[Vidéo] Interview Héla Yousfi, auteur de « l’UGTT, une passion tunisienne »
« Ouvrir cette boite noire qu’est l’Union Générale des Travailleurs Tunisiens », tel est l’ambitieux projet que se propose Héla Yousfi, sociologue des organisations. Dans son ouvrage sous-titré « Enquête sur les syndicalistes en révolution », l’universitaire enseignante à l’Université Paris Dauphine se focalise plus précisément sur l’action, notamment politique, de la centrale syndicale durant la période 2011 – 2014, du déclenchement de la révolution de la dignité jusqu’au dialogue national. Entretien.
A la fois recueil de témoignages de gens du sérail syndicaliste, bilan critique, et enquête sur les divers clivages qui traversent l’UGTT en cette période de mutations où le principal syndicat joue un rôle clé grandissant dans le paysage politique et social tunisien, le livre est aussi celui d’une chercheuse, ayant la légitimité filiale (fille de parents militants syndicalistes) et intellectuelle pour s’emparer d’un sujet complexe.
Héla Yousfi y explique que, dès sa genèse à l’aune des luttes de décolonisation, l’UGTT endosse un rôle éminemment politique, indissociable de sa vocation plus classique de défense des travailleurs. Devenue une force d’arbitrage, voire le principal régulateur de la vie politique avec l’affaiblissement de l’Etat, en marge du dialogue national, l’UGTT fait cependant face à des critiques autour de sa politisation accrue, et d’un « consensus de classes » conclu avec la classe politique, aux dépens de sa disposition à être une force de proposition.
Un épisode qui a attisé le clivage historique entre ce l’auteur appelle la bureaucratie syndicale, encline à la continuité institutionnelle, et une aile plus radicale en faveur d’une rupture avec l’ancien régime.

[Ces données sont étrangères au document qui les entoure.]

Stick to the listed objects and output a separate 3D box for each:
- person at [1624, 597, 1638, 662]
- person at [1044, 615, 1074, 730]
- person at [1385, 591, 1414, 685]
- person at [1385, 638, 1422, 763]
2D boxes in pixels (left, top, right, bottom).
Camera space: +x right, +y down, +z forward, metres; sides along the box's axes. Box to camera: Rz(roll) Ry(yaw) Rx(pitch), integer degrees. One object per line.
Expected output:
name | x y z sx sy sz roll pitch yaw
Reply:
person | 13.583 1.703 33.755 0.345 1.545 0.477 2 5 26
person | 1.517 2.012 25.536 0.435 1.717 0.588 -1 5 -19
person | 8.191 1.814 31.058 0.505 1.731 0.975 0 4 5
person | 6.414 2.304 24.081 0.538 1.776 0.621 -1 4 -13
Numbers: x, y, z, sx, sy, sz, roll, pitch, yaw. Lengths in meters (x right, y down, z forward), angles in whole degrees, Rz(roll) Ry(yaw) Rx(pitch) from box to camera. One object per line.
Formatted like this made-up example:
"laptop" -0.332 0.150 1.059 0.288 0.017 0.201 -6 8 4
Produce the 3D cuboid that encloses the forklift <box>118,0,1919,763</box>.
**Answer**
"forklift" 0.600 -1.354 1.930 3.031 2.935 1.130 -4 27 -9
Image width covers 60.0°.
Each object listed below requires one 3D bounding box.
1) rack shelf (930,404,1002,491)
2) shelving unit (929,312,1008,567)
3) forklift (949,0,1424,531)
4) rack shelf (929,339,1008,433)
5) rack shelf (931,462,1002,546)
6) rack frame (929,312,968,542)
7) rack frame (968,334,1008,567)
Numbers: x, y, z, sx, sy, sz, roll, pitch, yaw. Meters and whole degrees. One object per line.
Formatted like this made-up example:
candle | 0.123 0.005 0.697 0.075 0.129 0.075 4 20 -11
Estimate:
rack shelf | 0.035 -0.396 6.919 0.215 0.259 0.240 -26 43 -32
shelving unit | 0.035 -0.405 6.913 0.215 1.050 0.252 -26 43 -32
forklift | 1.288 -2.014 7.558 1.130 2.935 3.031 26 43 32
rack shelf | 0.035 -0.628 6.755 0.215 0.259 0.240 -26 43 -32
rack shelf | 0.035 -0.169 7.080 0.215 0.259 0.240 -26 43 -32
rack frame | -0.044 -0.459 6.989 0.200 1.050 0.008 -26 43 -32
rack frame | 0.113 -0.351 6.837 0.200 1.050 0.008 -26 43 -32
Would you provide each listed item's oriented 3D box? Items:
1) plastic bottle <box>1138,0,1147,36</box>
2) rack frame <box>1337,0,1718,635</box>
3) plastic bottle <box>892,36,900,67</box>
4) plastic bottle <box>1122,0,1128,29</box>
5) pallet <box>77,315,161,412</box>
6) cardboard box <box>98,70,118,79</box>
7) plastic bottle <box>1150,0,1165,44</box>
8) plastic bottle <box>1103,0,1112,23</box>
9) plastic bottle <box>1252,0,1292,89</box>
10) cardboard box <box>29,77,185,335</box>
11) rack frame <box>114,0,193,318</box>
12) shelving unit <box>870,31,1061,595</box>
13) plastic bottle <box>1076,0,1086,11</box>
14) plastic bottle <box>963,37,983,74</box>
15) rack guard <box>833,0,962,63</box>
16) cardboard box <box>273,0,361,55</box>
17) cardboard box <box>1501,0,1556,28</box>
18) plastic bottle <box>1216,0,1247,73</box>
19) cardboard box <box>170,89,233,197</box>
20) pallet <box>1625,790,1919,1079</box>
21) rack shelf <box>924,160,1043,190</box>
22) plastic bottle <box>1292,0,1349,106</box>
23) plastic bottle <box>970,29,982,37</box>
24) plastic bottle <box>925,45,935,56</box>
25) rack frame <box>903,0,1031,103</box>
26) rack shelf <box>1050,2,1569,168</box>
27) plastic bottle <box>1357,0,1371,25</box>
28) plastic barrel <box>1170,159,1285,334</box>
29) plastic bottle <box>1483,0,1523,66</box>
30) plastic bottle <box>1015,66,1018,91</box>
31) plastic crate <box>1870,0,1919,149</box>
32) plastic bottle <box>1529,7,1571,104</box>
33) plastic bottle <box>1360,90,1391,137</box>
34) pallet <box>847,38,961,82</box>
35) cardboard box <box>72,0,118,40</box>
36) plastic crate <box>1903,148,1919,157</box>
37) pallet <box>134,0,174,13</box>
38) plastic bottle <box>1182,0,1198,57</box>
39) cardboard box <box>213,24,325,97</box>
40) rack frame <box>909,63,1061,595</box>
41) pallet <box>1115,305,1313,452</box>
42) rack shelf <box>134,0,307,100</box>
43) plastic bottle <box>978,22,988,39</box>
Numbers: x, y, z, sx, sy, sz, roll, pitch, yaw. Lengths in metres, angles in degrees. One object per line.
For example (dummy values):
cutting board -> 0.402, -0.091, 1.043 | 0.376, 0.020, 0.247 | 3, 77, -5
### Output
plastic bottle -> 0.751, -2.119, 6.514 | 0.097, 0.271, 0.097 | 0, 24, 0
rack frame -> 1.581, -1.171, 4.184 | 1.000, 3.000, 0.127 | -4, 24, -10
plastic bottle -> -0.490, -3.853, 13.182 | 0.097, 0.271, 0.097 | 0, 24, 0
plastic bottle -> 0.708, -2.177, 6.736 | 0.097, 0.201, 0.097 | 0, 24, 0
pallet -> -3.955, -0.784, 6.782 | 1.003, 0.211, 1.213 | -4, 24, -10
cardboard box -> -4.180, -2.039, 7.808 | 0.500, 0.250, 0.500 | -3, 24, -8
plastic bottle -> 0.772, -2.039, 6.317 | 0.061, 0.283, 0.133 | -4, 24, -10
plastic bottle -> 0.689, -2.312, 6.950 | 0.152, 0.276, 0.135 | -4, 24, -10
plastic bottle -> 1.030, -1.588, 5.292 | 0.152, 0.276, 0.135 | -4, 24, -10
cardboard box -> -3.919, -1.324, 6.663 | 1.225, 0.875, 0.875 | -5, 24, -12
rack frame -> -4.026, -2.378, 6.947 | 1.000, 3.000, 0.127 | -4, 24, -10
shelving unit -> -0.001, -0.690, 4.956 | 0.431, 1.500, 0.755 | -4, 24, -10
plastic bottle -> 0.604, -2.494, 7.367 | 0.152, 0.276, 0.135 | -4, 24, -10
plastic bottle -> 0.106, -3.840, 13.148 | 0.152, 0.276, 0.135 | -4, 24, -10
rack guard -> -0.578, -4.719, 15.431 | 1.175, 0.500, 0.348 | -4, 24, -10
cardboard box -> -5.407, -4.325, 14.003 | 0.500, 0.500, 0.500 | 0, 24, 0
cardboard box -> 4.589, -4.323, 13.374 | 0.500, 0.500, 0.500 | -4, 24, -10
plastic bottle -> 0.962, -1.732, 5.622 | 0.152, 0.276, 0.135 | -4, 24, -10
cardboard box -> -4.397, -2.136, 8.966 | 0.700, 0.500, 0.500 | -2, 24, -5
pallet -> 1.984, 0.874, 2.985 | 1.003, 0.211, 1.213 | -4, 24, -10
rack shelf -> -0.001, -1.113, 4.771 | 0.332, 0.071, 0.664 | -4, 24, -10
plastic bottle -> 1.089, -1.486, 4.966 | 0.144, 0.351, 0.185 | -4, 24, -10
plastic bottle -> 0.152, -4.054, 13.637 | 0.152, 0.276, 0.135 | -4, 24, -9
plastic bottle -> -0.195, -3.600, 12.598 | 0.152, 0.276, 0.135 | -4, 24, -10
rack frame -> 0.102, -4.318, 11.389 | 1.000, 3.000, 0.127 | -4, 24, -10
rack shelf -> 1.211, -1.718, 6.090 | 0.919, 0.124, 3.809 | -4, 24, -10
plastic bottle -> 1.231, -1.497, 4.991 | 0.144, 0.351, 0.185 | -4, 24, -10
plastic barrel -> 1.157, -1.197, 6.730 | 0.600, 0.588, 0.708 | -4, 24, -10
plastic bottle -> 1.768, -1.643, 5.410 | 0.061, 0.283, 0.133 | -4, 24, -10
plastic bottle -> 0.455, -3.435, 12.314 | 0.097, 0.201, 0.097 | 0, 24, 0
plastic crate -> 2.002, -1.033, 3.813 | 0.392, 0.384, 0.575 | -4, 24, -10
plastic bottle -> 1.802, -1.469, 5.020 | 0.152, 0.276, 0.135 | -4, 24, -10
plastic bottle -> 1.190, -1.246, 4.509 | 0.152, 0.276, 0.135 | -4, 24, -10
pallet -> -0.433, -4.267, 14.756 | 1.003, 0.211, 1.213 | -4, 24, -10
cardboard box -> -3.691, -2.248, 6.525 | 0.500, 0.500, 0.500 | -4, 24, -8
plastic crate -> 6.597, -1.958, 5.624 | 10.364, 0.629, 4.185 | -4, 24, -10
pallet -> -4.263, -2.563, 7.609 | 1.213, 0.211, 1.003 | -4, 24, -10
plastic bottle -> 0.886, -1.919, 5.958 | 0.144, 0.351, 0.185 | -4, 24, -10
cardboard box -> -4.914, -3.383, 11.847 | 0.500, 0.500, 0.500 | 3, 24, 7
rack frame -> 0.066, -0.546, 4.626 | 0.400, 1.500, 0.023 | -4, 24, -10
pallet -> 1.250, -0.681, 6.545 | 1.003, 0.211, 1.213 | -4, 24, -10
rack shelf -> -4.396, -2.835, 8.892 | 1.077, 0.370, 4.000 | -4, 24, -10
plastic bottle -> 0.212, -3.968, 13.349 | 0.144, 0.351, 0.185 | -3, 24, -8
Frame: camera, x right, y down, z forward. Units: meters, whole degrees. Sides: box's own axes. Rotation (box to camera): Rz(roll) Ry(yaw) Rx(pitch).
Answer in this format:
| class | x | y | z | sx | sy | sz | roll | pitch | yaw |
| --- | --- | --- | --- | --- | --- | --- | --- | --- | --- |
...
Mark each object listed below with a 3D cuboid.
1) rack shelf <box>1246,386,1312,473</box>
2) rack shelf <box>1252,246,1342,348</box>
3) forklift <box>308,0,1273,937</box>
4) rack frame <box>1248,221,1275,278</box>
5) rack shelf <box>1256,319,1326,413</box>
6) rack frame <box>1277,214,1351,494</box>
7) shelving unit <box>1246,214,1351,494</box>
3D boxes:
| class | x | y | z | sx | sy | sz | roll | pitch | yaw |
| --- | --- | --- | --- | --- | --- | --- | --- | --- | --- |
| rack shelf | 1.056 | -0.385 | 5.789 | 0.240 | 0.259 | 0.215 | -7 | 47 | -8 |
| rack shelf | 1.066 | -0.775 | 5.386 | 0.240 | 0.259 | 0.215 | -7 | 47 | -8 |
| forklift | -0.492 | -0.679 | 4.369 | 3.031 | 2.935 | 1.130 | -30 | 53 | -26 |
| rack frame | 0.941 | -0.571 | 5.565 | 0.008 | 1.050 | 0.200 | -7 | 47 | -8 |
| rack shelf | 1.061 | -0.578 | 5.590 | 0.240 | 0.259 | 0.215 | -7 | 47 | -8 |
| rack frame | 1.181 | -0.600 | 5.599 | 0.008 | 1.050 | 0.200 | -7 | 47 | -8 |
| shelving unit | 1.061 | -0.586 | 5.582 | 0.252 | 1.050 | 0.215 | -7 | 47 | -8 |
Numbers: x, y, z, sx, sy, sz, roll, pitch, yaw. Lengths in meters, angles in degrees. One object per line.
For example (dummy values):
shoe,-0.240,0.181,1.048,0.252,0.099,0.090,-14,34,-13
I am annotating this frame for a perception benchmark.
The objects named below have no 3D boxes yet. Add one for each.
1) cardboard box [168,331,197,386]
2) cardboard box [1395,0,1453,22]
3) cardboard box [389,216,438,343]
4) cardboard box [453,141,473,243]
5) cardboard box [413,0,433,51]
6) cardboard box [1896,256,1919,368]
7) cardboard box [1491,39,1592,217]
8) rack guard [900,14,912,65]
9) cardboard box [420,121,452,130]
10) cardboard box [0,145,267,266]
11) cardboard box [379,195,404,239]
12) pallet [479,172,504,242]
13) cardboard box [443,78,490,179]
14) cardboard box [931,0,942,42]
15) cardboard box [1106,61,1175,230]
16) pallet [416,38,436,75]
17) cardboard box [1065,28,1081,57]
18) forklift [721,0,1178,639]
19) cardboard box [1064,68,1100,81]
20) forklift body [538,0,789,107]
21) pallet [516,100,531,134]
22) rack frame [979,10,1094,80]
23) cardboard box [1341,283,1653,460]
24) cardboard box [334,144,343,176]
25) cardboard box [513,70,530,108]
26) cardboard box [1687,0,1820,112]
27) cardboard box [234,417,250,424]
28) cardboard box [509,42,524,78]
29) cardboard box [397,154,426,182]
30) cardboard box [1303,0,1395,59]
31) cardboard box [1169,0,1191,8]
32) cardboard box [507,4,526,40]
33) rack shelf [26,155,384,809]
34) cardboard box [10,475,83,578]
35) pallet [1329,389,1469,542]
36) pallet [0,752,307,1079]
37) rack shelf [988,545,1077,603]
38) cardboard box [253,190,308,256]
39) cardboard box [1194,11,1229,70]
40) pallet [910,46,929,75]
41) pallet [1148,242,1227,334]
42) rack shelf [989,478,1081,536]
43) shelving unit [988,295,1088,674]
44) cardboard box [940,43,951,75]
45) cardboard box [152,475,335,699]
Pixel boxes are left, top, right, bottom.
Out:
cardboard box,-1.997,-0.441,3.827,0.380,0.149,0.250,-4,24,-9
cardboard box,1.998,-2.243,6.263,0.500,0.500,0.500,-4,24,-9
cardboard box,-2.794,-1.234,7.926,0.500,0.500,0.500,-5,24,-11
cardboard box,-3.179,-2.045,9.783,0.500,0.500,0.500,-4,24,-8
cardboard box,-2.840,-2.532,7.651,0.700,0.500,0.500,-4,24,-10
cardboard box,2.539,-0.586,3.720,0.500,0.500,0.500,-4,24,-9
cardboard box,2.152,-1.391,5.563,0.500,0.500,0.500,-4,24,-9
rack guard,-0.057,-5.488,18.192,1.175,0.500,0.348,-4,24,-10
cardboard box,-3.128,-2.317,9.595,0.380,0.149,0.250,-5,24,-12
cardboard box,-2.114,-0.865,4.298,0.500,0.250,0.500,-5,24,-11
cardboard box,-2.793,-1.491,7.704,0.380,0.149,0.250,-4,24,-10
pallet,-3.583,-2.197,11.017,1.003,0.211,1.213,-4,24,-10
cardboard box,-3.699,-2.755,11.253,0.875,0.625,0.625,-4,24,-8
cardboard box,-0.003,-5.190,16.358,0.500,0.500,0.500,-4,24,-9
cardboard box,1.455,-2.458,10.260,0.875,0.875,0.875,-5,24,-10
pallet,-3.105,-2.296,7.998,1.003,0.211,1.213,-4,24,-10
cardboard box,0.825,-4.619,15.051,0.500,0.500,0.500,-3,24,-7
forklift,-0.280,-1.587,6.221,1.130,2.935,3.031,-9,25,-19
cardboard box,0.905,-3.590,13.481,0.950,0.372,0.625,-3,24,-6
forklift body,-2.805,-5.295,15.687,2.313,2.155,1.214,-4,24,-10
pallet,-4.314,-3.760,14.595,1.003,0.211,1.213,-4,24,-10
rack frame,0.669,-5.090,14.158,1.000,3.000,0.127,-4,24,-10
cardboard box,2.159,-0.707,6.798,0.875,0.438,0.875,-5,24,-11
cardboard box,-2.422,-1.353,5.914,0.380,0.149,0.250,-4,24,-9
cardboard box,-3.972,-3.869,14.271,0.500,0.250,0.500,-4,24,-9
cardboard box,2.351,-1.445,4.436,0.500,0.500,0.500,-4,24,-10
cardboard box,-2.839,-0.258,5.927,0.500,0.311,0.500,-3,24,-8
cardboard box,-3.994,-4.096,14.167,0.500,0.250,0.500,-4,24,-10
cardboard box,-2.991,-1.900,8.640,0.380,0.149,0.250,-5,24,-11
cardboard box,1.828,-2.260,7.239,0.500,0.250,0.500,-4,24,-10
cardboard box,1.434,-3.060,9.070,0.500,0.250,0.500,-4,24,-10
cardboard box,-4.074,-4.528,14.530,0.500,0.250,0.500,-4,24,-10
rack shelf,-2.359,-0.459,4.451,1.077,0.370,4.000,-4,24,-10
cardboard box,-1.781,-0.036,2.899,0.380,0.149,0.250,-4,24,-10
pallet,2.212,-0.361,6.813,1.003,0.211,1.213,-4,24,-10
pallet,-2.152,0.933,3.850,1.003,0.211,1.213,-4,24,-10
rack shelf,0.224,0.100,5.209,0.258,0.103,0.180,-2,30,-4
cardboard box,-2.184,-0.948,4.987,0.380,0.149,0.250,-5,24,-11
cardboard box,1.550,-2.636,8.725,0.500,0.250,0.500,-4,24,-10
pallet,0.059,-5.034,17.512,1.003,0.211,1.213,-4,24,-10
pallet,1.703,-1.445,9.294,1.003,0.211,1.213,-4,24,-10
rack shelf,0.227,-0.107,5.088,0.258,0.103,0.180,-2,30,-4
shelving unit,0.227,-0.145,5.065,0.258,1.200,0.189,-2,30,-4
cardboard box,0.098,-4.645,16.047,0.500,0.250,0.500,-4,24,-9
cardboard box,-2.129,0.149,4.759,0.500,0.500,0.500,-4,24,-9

Avec les récents évènements qui secouent le bassin minier, l’anti syndicalisme primaire reprend du poil de la bête : pouvoir, certains médias mais aussi une partie de l’opinion publique n’hésitent plus à diaboliser l’action syndicale, « responsable de tous les maux », jusqu’à tenir parfois un discours proprement fasciste. A la croisée des chemins, consurrencée au sein d’un pluralisme syndical nouveau, l’UGTT devra choisir entre perpétuer un l’équilibre soft et revenir aux sources de la lutte d’émancipation allant bien au-delà des revendications salariales.